I have learnt a lot from these sessions and underpainting and dry brushing are definitely techniques I will be using in my painting in the future. I will now continue working and finish this piece in my own time ready for the next session on Monday.
Whilst exploring decay as an art from across the internet, I came across an article (link below) entitled “ARTIST USES MOULD TO CREATE DECAYED ARCHITECTURAL MODELS” and was obviously instantly interested.
Artist Daniele Del Nero creates architectural scale models of buildings and then dampens the exterior of the structure and applies a thin dusting of flour. The model is then placed into a transparent case, which relates to my moulding perspex boxes. Mould starts to grow after a couple of days and dies within two weeks, leaving behind what the artist has described as “a dusty spider-web which covers the model like a rambler plant“.

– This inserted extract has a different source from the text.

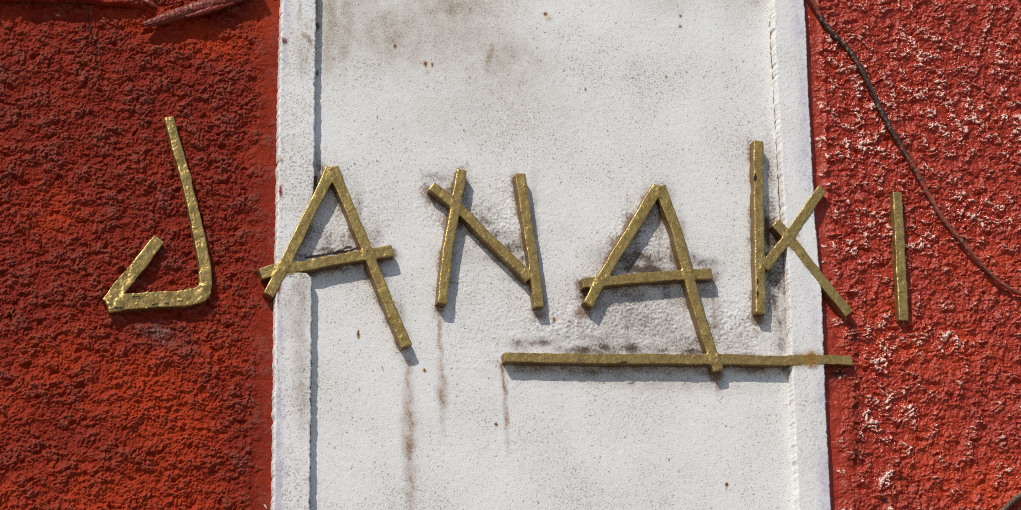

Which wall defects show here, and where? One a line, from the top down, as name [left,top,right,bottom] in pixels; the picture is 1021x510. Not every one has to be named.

corrosion [405,360,415,498]
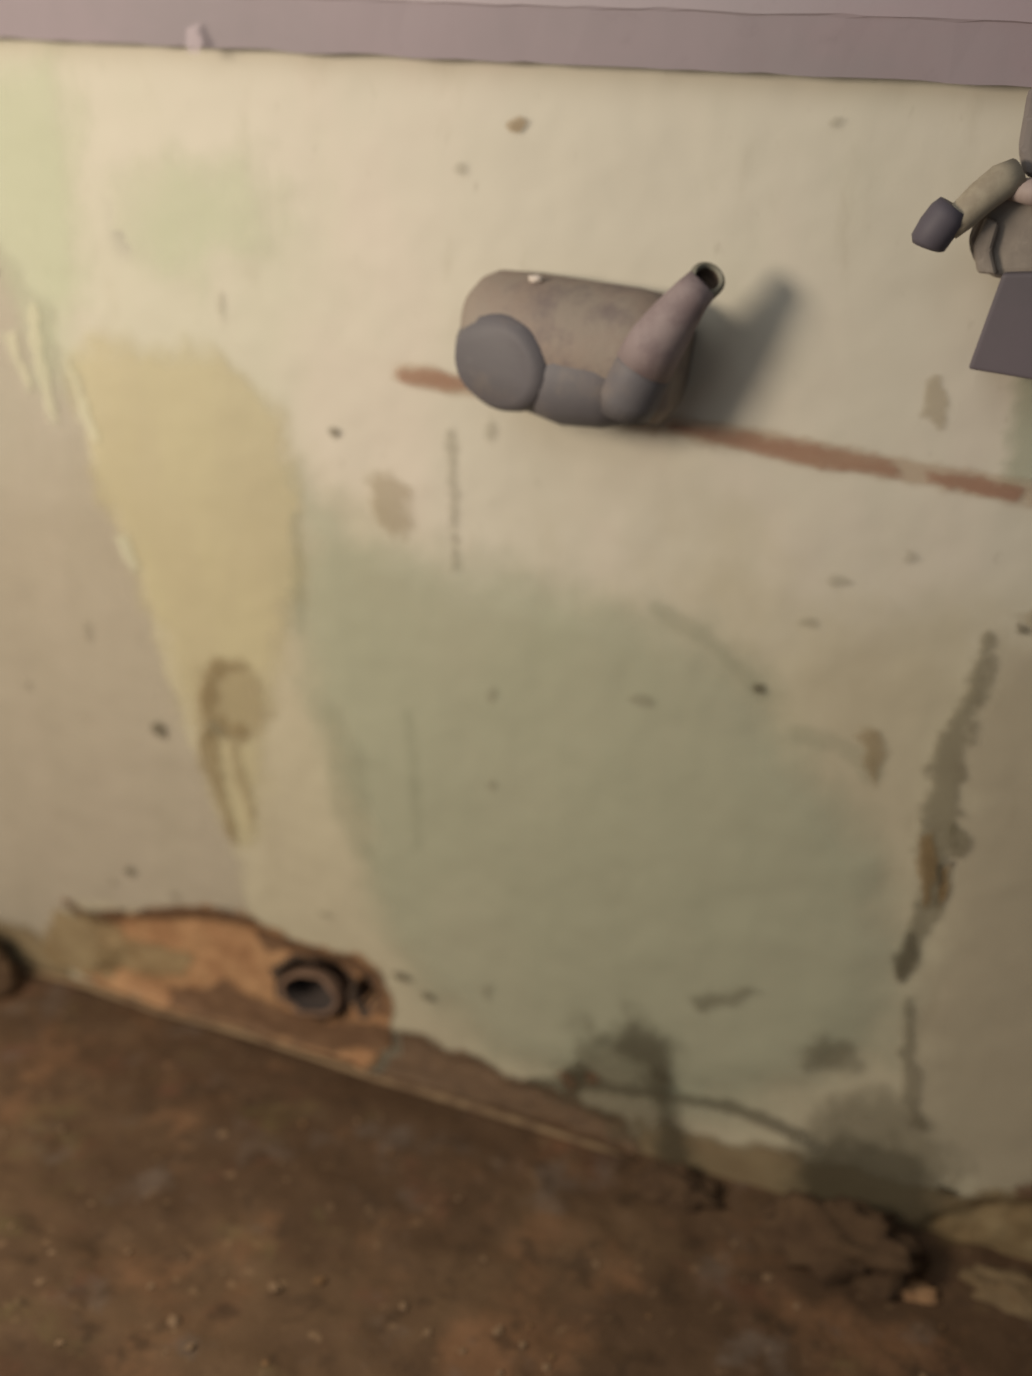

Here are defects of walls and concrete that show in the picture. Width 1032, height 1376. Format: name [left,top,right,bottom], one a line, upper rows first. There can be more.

spalling [43,901,638,1153]
spalling [898,1185,1032,1262]

Like me with my actual moulding artwork , He avoids having direct contact with the mould, removing the cover over the models only to photograph them. He has also related Food Decay to the Decay of the world in a way like I have. This is highly related to me using mould to show pollution and climate change in my factory piece. I have mentioned in my reflective journal a few times about how mould and decay can relate to the end of the world or its breakdown, I appear to have found an artist that feels the same way. He states “We are used to imagining our cities as permanent and definitive, but it’s amazing how little time it takes for nature to reclaim its spaces.”

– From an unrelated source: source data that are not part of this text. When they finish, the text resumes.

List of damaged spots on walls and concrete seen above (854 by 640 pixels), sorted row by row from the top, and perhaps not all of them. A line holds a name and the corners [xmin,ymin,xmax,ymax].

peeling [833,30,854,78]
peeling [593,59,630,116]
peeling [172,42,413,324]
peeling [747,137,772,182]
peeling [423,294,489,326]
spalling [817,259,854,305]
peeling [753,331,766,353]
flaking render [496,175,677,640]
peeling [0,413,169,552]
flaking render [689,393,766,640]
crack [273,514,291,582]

These works are AMAZING, they are definitely my favourite works out of all the other artists I’ve come across that use mould to create art. The photographs are beautiful as well as the pieces themselves. His work encourages me experiment with getting a more professional photo of my perspex boxes and other moulding objects as I don’t feel these would look as successful without the high level of photography and dark background. There is something very eery about these pieces, but I absolutely love them. Daniele Del Nero’s work is without a doubt a success. He wanted to “reproduce in small-scale the particular sensation of being in a lonely, abandoned place” and I feel he has without a doubt achieved this. He is a massive inspiration to me right now and his work definitely makes me want to experiment with creating 3D works and to use mould to create a certain feeling or atmosphere.
After undertaking the body casting workshop, I was highly inspired to use alginate and plaster to cast a decaying food. The apple was the obvious choice because of its hard and dry outer layer as it would hold its shape and be easier to get out of the mould.

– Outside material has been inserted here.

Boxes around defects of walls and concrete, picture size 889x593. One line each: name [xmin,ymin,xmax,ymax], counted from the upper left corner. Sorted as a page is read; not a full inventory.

Shown above are the plaster casts of the apples and the actual decaying food itself. The apples were really hard and wrinkled rather than decaying and going soft because I used the fruit I used to print with weeks ago and I believe the ink must have clogged up the pores which made the apples perfect to cast. It was completely accidental that I was able to cast them at all really. As with the body casting I did, the alginate has picked up even the tiniest details making an incredibly realistic cast.
You can see in the images above just how much detail you can pick up when replicating an object using this method. These are just experiments and the result of me playing with a new material but if i wanted to take this further, I would make many more casts and dip them in yoghurt. I found out that plaster goes mouldy if you cover it in yogurt and leave it out in the open so that could be a very interesting idea to work with.